START Material supplied

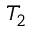<formula> <loc_0><loc_0><loc_500><loc_500>T _ { 2 }</formula> 
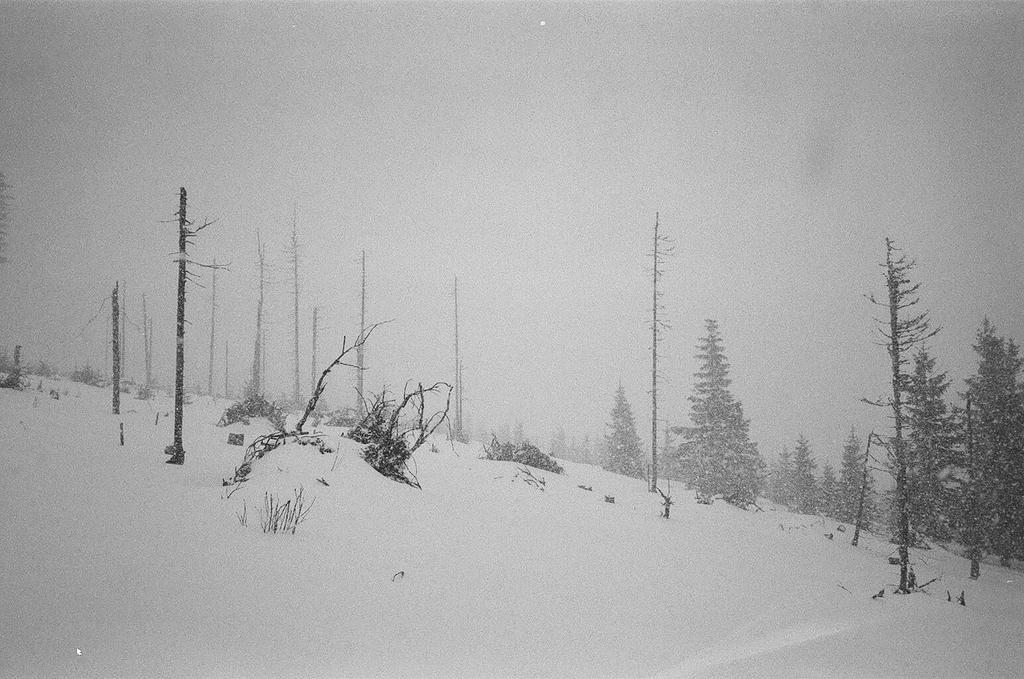Can you describe this image briefly? In this picture we can see trees, poles, plants, snow and in the background we can see the sky. 
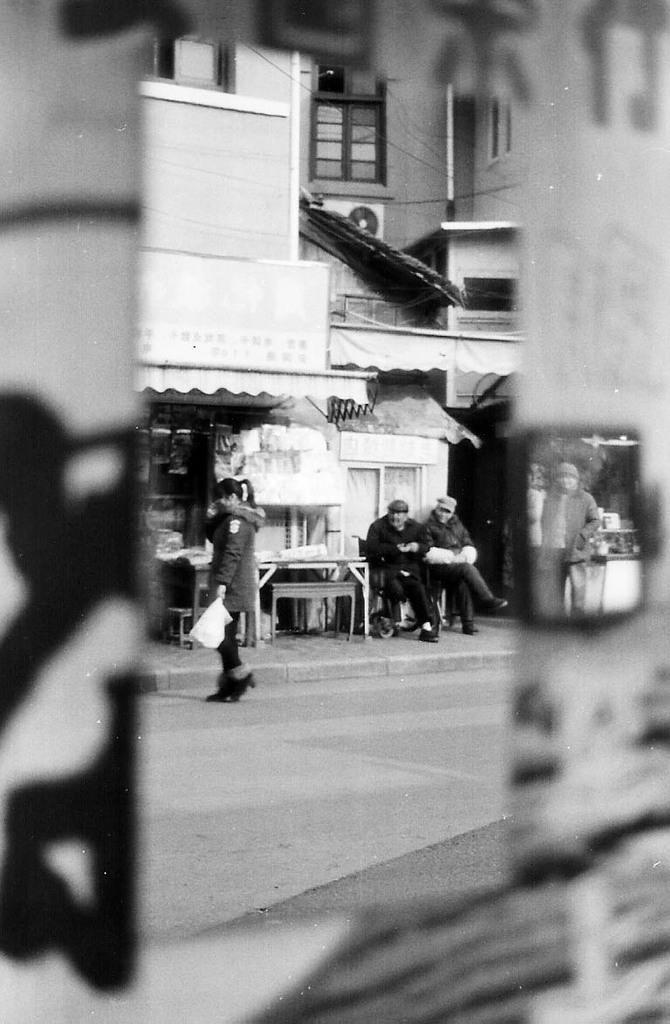Describe this image in one or two sentences. In this image I can see the black and white picture in which I can see the road, a person standing on the road, the side walk, few persons sitting on benches on the sidewalk and few buildings in the background. 
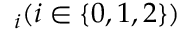Convert formula to latex. <formula><loc_0><loc_0><loc_500><loc_500>\digamma _ { i } ( i \in \{ 0 , 1 , 2 \} )</formula> 
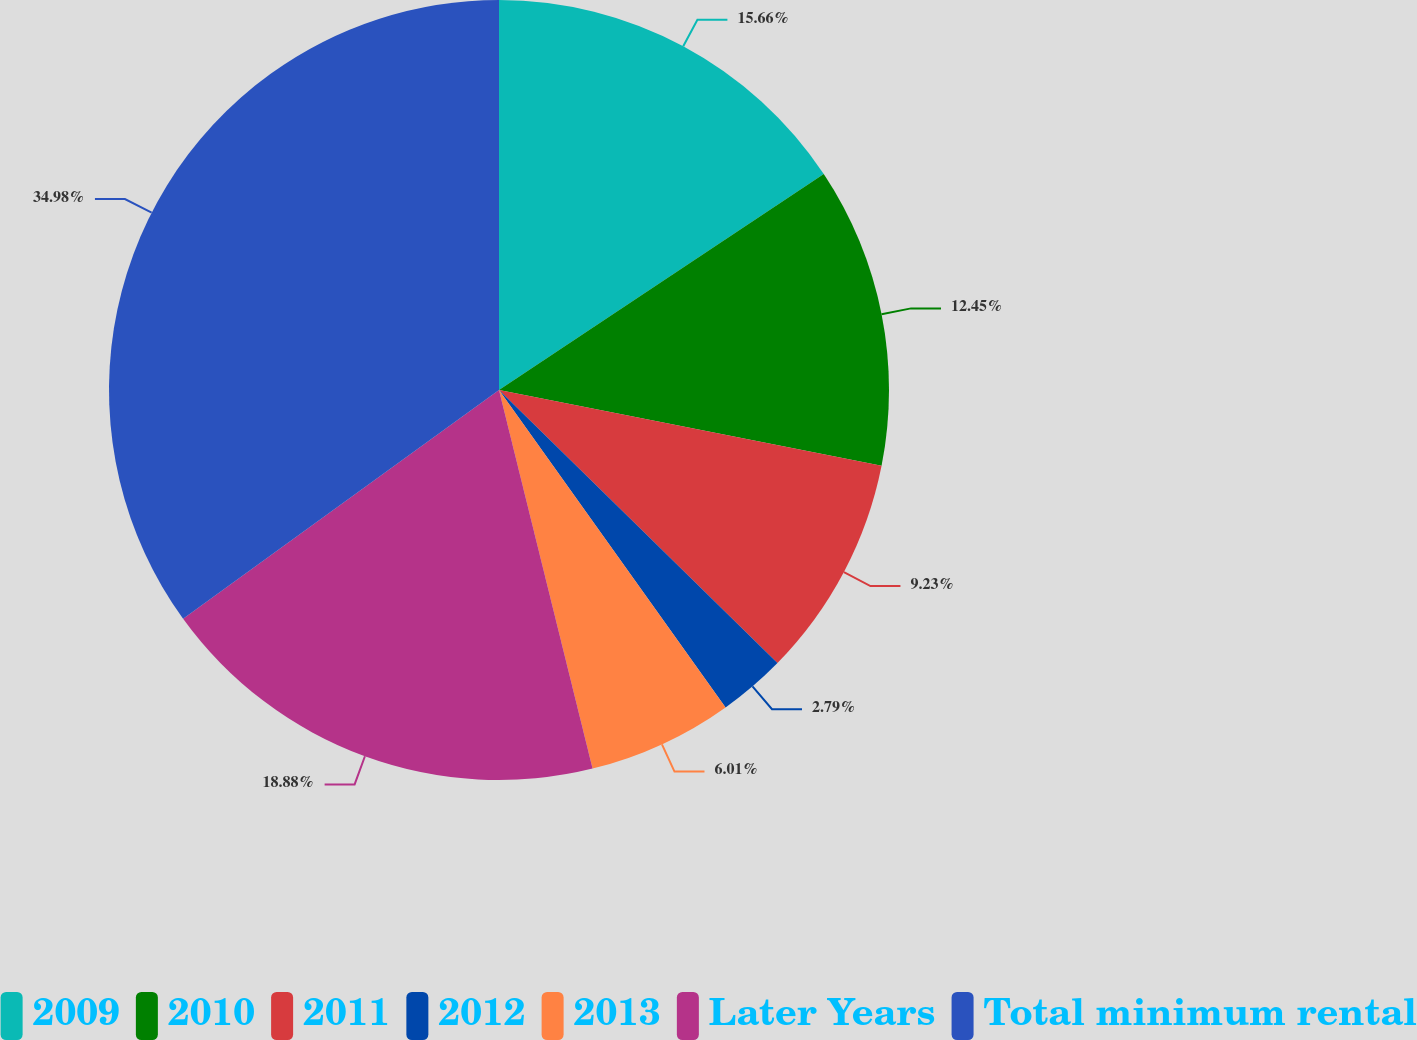<chart> <loc_0><loc_0><loc_500><loc_500><pie_chart><fcel>2009<fcel>2010<fcel>2011<fcel>2012<fcel>2013<fcel>Later Years<fcel>Total minimum rental<nl><fcel>15.66%<fcel>12.45%<fcel>9.23%<fcel>2.79%<fcel>6.01%<fcel>18.88%<fcel>34.97%<nl></chart> 
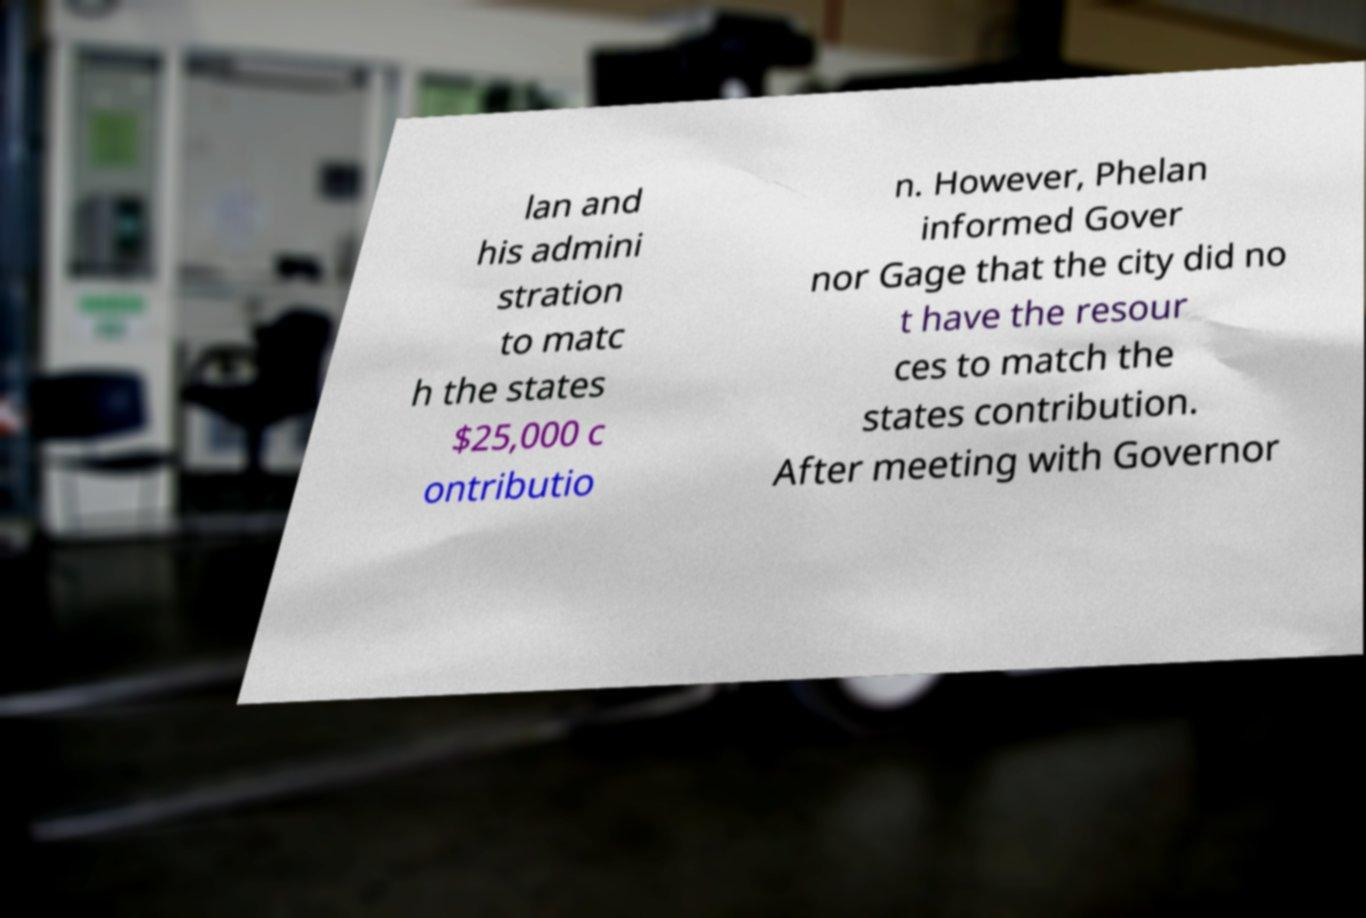Please read and relay the text visible in this image. What does it say? lan and his admini stration to matc h the states $25,000 c ontributio n. However, Phelan informed Gover nor Gage that the city did no t have the resour ces to match the states contribution. After meeting with Governor 
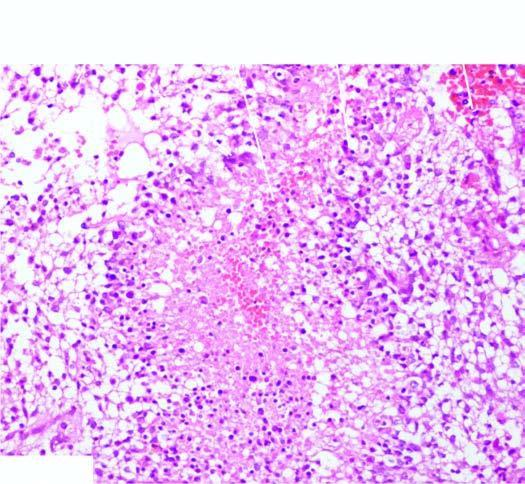what has areas of necrosis which are surrounded by a palisade layer of tumour cells?
Answer the question using a single word or phrase. Tumour 
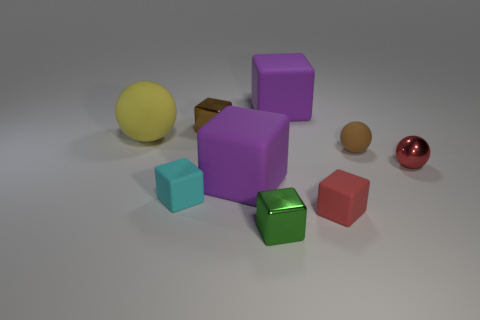Subtract all tiny spheres. How many spheres are left? 1 Subtract 3 balls. How many balls are left? 0 Subtract all metal cubes. Subtract all small objects. How many objects are left? 1 Add 5 green metal blocks. How many green metal blocks are left? 6 Add 9 large yellow rubber balls. How many large yellow rubber balls exist? 10 Subtract all green blocks. How many blocks are left? 5 Subtract 0 cyan cylinders. How many objects are left? 9 Subtract all balls. How many objects are left? 6 Subtract all purple blocks. Subtract all cyan spheres. How many blocks are left? 4 Subtract all red cubes. How many yellow balls are left? 1 
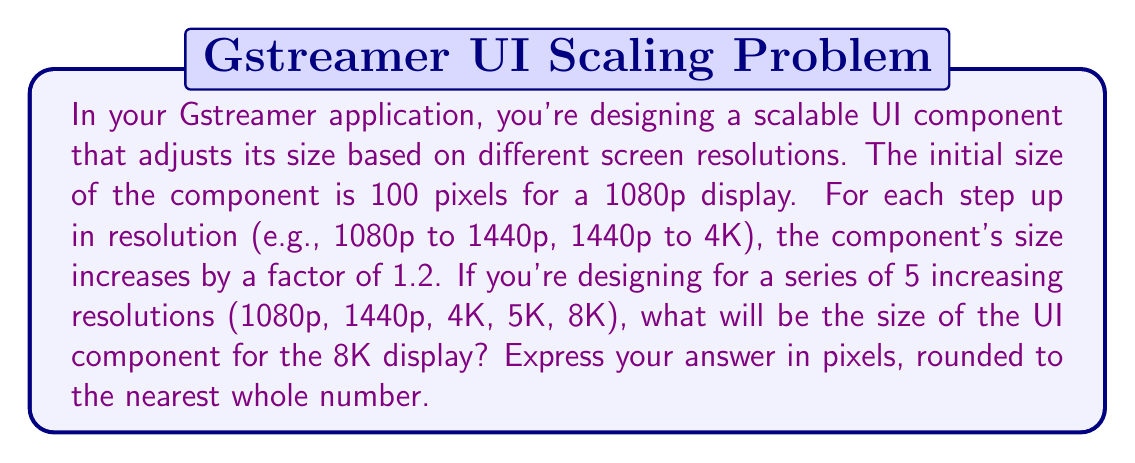Teach me how to tackle this problem. Let's approach this step-by-step:

1) We're dealing with a geometric sequence where each term is 1.2 times the previous term.
2) The initial term (a₁) is 100 pixels.
3) The common ratio (r) is 1.2.
4) We need to find the 5th term in this sequence (a₅).

The formula for the nth term of a geometric sequence is:

$$ a_n = a_1 \cdot r^{n-1} $$

Where:
- $a_n$ is the nth term
- $a_1$ is the first term
- $r$ is the common ratio
- $n$ is the position of the term

In our case:
$a_1 = 100$
$r = 1.2$
$n = 5$

Let's substitute these values:

$$ a_5 = 100 \cdot 1.2^{5-1} $$
$$ a_5 = 100 \cdot 1.2^4 $$
$$ a_5 = 100 \cdot 2.0736 $$
$$ a_5 = 207.36 $$

Rounding to the nearest whole number:
$$ a_5 \approx 207 \text{ pixels} $$
Answer: 207 pixels

END Material supplied

◆ Your assignment
The copy should match each line above exactly and contain no images.

◆ Result of the task
<formula> <loc_0><loc_0><loc_500><loc_500>T _ { 2 }</formula> 
Can you describe this image briefly? In this picture we can see trees, poles, plants, snow and in the background we can see the sky. 
Describe this image in one or two sentences. In this image I can see the black and white picture in which I can see the road, a person standing on the road, the side walk, few persons sitting on benches on the sidewalk and few buildings in the background. 
Convert formula to latex. <formula><loc_0><loc_0><loc_500><loc_500>\digamma _ { i } ( i \in \{ 0 , 1 , 2 \} )</formula> 
<chart> <loc_0><loc_0><loc_500><loc_500><pie_chart><fcel>2009<fcel>2010<fcel>2011<fcel>2012<fcel>2013<fcel>Later Years<fcel>Total minimum rental<nl><fcel>15.66%<fcel>12.45%<fcel>9.23%<fcel>2.79%<fcel>6.01%<fcel>18.88%<fcel>34.97%<nl></chart> 
Please read and relay the text visible in this image. What does it say? lan and his admini stration to matc h the states $25,000 c ontributio n. However, Phelan informed Gover nor Gage that the city did no t have the resour ces to match the states contribution. After meeting with Governor 
what has areas of necrosis which are surrounded by a palisade layer of tumour cells?
Answer the question using a single word or phrase. Tumour 
Subtract all tiny spheres. How many spheres are left? 1 Subtract 3 balls. How many balls are left? 0 Subtract all metal cubes. Subtract all small objects. How many objects are left? 1 Add 5 green metal blocks. How many green metal blocks are left? 6 Add 9 large yellow rubber balls. How many large yellow rubber balls exist? 10 Subtract all green blocks. How many blocks are left? 5 Subtract 0 cyan cylinders. How many objects are left? 9 Subtract all balls. How many objects are left? 6 Subtract all purple blocks. Subtract all cyan spheres. How many blocks are left? 4 Subtract all red cubes. How many yellow balls are left? 1 
Teach me how to tackle this problem. Let's approach this step-by-step:

1) We're dealing with a geometric sequence where each term is 1.2 times the previous term.
2) The initial term (a₁) is 100 pixels.
3) The common ratio (r) is 1.2.
4) We need to find the 5th term in this sequence (a₅).

The formula for the nth term of a geometric sequence is:

$$ a_n = a_1 \cdot r^{n-1} $$

Where:
- $a_n$ is the nth term
- $a_1$ is the first term
- $r$ is the common ratio
- $n$ is the position of the term

In our case:
$a_1 = 100$
$r = 1.2$
$n = 5$

Let's substitute these values:

$$ a_5 = 100 \cdot 1.2^{5-1} $$
$$ a_5 = 100 \cdot 1.2^4 $$
$$ a_5 = 100 \cdot 2.0736 $$
$$ a_5 = 207.36 $$

Rounding to the nearest whole number:
$$ a_5 \approx 207 \text{ pixels} $$
Answer: 207 pixels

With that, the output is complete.